### ENTRIES SHOWN:
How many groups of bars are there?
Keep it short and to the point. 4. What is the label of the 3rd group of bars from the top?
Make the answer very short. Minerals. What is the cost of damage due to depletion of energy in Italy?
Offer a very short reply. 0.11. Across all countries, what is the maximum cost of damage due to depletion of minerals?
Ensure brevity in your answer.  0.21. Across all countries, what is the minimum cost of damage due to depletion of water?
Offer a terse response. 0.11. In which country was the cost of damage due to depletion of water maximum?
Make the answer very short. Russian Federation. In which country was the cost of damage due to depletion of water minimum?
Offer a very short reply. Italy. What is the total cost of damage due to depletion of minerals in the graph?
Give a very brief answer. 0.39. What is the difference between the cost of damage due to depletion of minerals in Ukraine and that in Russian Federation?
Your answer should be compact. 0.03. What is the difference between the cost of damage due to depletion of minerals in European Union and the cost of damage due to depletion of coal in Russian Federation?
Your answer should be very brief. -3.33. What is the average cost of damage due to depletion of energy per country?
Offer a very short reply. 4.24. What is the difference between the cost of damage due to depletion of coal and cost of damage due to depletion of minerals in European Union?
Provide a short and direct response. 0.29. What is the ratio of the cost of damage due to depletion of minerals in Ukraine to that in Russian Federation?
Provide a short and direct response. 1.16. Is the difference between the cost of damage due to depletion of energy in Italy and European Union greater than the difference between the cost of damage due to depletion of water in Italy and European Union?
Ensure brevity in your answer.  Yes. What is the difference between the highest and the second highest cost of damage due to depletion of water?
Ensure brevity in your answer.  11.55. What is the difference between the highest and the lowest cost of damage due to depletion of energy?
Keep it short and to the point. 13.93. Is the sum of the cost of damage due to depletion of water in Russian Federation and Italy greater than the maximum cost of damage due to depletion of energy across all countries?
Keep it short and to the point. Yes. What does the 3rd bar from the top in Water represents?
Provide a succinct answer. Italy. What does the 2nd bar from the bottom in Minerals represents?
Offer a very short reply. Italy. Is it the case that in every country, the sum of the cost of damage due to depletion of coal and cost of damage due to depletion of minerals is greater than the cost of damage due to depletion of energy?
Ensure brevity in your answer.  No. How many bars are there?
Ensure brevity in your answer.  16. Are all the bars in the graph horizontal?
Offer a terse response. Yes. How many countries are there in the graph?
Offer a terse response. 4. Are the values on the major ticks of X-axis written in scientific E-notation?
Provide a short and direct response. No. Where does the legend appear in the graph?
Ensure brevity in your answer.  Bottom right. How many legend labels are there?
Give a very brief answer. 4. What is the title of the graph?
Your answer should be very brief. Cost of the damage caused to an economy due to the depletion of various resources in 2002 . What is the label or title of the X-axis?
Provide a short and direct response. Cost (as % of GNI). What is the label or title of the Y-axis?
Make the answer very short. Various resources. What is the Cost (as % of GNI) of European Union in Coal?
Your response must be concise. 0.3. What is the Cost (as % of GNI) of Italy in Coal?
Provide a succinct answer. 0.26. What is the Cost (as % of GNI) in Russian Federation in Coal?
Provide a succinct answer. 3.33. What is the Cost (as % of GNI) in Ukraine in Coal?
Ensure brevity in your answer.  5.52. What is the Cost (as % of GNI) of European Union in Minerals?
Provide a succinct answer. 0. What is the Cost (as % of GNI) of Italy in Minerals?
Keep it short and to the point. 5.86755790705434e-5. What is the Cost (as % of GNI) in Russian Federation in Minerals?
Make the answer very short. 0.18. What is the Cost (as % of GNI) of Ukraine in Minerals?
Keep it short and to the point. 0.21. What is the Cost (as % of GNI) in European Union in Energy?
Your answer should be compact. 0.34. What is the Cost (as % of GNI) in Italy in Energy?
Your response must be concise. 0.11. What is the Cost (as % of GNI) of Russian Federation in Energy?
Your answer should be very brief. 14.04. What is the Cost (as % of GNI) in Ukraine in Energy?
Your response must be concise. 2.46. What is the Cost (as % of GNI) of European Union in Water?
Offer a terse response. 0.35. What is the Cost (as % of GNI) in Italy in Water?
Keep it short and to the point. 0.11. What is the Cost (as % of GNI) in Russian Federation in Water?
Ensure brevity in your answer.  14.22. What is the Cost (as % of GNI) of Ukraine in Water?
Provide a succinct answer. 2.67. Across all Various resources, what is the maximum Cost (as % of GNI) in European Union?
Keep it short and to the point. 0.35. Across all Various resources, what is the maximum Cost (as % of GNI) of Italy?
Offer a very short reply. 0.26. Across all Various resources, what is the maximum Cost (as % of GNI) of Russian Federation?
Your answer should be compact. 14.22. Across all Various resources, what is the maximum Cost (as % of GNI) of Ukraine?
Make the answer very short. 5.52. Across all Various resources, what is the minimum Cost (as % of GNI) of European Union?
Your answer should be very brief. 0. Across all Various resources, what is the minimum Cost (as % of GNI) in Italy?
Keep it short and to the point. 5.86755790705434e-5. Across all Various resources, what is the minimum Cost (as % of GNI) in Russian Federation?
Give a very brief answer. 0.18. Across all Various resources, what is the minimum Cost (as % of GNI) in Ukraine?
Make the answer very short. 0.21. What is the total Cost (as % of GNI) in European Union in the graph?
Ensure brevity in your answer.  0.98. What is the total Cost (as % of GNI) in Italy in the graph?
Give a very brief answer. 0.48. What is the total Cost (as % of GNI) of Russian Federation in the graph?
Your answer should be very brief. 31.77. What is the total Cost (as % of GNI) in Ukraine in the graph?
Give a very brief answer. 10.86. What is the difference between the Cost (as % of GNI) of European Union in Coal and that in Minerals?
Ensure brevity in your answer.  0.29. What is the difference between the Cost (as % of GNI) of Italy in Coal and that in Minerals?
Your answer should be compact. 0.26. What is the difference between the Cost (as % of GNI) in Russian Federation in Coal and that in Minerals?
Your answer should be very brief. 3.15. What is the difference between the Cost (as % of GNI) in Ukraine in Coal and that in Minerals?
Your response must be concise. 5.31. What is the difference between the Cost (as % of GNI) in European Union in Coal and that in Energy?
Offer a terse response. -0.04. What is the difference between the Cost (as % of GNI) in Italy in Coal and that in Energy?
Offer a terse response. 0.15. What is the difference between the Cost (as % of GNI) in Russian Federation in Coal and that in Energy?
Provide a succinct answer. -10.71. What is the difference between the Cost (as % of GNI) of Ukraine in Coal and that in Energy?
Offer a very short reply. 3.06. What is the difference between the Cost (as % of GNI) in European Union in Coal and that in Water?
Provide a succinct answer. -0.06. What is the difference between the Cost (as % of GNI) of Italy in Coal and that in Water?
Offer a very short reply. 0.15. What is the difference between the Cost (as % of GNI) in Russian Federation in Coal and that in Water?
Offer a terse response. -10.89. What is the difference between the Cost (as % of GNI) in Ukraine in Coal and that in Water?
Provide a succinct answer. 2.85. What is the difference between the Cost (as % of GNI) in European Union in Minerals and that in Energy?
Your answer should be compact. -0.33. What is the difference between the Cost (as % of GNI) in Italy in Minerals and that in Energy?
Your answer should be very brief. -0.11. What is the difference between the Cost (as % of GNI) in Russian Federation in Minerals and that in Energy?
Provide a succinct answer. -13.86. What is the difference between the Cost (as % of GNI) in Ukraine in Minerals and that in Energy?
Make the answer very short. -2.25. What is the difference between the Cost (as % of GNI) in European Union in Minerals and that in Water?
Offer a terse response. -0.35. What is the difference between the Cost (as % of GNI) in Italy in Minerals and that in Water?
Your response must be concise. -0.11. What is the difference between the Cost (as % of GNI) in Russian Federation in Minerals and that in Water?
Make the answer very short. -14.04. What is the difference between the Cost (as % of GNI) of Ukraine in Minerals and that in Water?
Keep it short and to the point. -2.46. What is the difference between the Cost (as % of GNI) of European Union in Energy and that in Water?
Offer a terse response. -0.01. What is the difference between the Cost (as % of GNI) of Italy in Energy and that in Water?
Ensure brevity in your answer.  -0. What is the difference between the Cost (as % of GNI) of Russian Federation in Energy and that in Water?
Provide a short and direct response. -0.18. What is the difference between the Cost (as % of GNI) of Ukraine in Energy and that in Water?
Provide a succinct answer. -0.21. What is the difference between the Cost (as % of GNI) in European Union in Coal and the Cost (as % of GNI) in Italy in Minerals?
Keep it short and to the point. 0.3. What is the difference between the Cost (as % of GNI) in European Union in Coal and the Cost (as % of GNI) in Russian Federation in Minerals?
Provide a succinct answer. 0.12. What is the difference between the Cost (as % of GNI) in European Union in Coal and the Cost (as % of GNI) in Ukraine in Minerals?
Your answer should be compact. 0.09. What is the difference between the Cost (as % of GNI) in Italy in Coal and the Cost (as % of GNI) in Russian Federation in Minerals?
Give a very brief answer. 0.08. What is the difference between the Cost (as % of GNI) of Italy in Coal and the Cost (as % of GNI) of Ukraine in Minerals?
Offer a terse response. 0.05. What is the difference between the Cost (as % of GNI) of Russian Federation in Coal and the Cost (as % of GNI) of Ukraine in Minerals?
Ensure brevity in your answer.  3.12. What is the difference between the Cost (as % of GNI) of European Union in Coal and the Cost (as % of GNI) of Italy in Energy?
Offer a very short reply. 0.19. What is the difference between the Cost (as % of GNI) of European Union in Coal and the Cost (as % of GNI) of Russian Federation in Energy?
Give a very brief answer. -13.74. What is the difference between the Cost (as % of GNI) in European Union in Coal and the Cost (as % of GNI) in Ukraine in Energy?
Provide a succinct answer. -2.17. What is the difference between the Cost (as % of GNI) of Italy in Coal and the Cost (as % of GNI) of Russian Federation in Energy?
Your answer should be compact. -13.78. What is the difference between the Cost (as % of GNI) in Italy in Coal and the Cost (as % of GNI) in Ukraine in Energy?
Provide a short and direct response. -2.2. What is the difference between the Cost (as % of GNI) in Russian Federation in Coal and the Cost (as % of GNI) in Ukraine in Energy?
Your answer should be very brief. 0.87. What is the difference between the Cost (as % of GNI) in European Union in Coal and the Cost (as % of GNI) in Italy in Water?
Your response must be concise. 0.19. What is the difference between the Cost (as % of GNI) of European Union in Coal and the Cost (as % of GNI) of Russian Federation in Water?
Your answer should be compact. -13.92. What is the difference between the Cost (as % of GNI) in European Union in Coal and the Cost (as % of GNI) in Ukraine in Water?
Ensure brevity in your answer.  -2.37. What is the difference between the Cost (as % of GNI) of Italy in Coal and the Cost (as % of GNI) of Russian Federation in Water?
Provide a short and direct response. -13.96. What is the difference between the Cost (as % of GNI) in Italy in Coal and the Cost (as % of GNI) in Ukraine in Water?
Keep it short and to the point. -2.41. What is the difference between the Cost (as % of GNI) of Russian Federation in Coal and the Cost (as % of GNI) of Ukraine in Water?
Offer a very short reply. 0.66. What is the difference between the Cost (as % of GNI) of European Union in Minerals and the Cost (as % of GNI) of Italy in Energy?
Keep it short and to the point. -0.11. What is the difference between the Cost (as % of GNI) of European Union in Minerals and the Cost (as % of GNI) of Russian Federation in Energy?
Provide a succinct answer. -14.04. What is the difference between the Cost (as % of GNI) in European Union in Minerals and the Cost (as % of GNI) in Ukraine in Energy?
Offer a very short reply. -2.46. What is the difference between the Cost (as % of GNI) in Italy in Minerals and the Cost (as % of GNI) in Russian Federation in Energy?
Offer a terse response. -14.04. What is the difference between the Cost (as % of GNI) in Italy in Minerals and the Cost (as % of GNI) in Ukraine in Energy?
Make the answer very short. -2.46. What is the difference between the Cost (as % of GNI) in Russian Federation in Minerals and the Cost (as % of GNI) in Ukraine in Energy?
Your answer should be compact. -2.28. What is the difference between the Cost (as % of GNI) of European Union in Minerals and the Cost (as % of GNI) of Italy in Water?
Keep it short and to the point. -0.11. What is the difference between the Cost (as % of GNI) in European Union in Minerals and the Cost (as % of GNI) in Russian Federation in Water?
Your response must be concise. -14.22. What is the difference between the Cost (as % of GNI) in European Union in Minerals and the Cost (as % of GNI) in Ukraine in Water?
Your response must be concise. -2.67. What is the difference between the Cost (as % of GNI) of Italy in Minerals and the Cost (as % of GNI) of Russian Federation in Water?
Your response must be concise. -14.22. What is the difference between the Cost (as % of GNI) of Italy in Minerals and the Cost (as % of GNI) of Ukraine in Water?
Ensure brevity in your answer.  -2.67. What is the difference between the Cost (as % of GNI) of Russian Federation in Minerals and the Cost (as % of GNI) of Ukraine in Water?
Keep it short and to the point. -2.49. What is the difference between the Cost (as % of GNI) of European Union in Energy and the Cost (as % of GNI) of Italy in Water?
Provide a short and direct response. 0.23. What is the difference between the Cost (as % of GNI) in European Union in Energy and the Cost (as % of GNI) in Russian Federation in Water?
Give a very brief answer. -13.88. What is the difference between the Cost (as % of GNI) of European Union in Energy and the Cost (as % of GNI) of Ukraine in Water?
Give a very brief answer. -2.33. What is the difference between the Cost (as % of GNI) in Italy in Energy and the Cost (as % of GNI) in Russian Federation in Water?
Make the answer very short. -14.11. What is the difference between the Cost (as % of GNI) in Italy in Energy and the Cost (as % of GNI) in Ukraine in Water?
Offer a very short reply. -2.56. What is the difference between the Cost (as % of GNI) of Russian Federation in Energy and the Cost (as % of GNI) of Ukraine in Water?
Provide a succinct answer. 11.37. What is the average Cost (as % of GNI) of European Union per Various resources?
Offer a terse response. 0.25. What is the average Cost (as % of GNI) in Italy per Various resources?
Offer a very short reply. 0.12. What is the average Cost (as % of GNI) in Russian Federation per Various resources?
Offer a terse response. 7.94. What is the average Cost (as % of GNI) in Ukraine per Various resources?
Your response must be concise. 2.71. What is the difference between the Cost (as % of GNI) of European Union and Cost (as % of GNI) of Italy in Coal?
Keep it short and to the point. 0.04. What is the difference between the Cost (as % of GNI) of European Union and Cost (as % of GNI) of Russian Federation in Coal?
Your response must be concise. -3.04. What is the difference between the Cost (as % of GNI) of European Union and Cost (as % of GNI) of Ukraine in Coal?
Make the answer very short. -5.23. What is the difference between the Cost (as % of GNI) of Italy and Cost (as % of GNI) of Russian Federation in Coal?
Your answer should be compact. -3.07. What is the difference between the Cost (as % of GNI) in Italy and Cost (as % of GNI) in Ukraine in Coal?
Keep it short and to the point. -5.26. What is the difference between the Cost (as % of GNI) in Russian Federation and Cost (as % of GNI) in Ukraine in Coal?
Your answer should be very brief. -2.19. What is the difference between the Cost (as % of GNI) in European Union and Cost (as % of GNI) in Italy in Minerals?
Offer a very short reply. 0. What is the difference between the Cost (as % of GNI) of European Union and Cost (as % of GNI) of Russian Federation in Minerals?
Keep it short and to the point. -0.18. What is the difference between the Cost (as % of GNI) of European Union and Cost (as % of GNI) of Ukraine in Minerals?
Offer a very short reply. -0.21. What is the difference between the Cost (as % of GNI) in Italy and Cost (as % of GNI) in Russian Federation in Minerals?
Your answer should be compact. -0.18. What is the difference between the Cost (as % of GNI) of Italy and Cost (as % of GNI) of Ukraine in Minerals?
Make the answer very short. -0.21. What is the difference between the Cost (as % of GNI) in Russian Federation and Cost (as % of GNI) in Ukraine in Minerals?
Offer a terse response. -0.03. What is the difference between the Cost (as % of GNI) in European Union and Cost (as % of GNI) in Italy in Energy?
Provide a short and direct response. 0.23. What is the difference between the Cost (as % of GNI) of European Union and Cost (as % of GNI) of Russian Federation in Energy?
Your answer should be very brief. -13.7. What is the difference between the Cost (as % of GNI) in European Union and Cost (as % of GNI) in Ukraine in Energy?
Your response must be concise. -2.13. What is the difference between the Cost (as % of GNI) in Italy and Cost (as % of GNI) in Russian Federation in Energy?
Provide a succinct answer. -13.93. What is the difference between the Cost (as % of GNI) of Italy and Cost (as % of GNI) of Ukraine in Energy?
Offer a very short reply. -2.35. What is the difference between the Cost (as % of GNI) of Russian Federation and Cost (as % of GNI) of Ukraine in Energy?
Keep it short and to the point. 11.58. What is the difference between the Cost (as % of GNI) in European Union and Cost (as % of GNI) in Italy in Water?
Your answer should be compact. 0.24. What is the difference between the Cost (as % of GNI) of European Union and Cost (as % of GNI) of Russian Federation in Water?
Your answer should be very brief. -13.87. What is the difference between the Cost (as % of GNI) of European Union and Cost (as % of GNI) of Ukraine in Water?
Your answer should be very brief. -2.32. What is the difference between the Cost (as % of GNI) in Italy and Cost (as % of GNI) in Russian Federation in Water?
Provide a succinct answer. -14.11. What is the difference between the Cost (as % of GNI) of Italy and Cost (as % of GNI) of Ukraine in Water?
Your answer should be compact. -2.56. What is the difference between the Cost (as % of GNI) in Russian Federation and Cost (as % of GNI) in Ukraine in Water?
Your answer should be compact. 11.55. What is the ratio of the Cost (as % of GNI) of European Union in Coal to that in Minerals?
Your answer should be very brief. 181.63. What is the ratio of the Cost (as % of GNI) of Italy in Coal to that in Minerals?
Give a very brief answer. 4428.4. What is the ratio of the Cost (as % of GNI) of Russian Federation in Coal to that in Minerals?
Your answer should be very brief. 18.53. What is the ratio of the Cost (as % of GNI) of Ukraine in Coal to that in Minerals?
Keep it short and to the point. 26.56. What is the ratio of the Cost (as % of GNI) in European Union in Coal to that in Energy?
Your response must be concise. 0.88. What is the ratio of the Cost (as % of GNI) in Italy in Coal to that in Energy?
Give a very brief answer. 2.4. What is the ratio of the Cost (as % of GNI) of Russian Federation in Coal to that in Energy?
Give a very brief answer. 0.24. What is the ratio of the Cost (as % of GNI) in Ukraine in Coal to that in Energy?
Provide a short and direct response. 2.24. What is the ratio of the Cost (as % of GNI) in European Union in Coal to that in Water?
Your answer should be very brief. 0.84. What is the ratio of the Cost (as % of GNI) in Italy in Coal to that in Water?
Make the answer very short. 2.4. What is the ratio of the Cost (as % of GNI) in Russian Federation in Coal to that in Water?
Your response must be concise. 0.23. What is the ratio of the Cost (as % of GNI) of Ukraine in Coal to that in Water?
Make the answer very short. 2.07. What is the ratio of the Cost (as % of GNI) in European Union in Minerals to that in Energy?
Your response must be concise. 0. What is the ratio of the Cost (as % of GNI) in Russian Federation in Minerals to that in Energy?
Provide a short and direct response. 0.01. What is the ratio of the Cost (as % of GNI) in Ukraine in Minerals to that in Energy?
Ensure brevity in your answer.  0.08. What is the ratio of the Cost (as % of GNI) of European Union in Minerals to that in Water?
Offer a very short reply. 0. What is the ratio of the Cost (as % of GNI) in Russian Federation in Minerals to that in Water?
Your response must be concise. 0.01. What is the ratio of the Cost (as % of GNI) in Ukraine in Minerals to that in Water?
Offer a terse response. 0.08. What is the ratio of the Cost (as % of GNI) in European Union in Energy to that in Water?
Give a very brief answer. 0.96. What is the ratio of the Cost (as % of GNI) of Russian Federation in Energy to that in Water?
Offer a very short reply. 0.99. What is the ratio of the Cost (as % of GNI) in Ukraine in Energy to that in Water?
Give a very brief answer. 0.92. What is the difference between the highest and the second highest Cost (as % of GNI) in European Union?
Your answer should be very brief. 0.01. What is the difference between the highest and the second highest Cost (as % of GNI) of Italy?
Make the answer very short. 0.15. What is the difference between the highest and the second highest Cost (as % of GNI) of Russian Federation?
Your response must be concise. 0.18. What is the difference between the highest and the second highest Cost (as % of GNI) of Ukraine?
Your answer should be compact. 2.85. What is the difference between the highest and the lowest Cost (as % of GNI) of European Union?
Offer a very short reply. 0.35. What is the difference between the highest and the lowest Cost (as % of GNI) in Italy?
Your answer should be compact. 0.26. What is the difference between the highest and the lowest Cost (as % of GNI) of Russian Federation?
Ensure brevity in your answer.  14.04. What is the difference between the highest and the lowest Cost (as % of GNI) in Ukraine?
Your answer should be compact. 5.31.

### WHAT IS EXPECTED:
Each line of the listing that includes the word "average" should be copied out.

### RESPONSE TO THIS TASK:
Your answer should be very brief. -3.33. What is the average cost of damage due to depletion of energy per country?
Provide a succinct answer. 11.37. What is the average Cost (as % of GNI) of European Union per Various resources?
Offer a terse response. 0.25. What is the average Cost (as % of GNI) in Italy per Various resources?
Offer a very short reply. 0.12. What is the average Cost (as % of GNI) in Russian Federation per Various resources?
Offer a terse response. 7.94. What is the average Cost (as % of GNI) in Ukraine per Various resources?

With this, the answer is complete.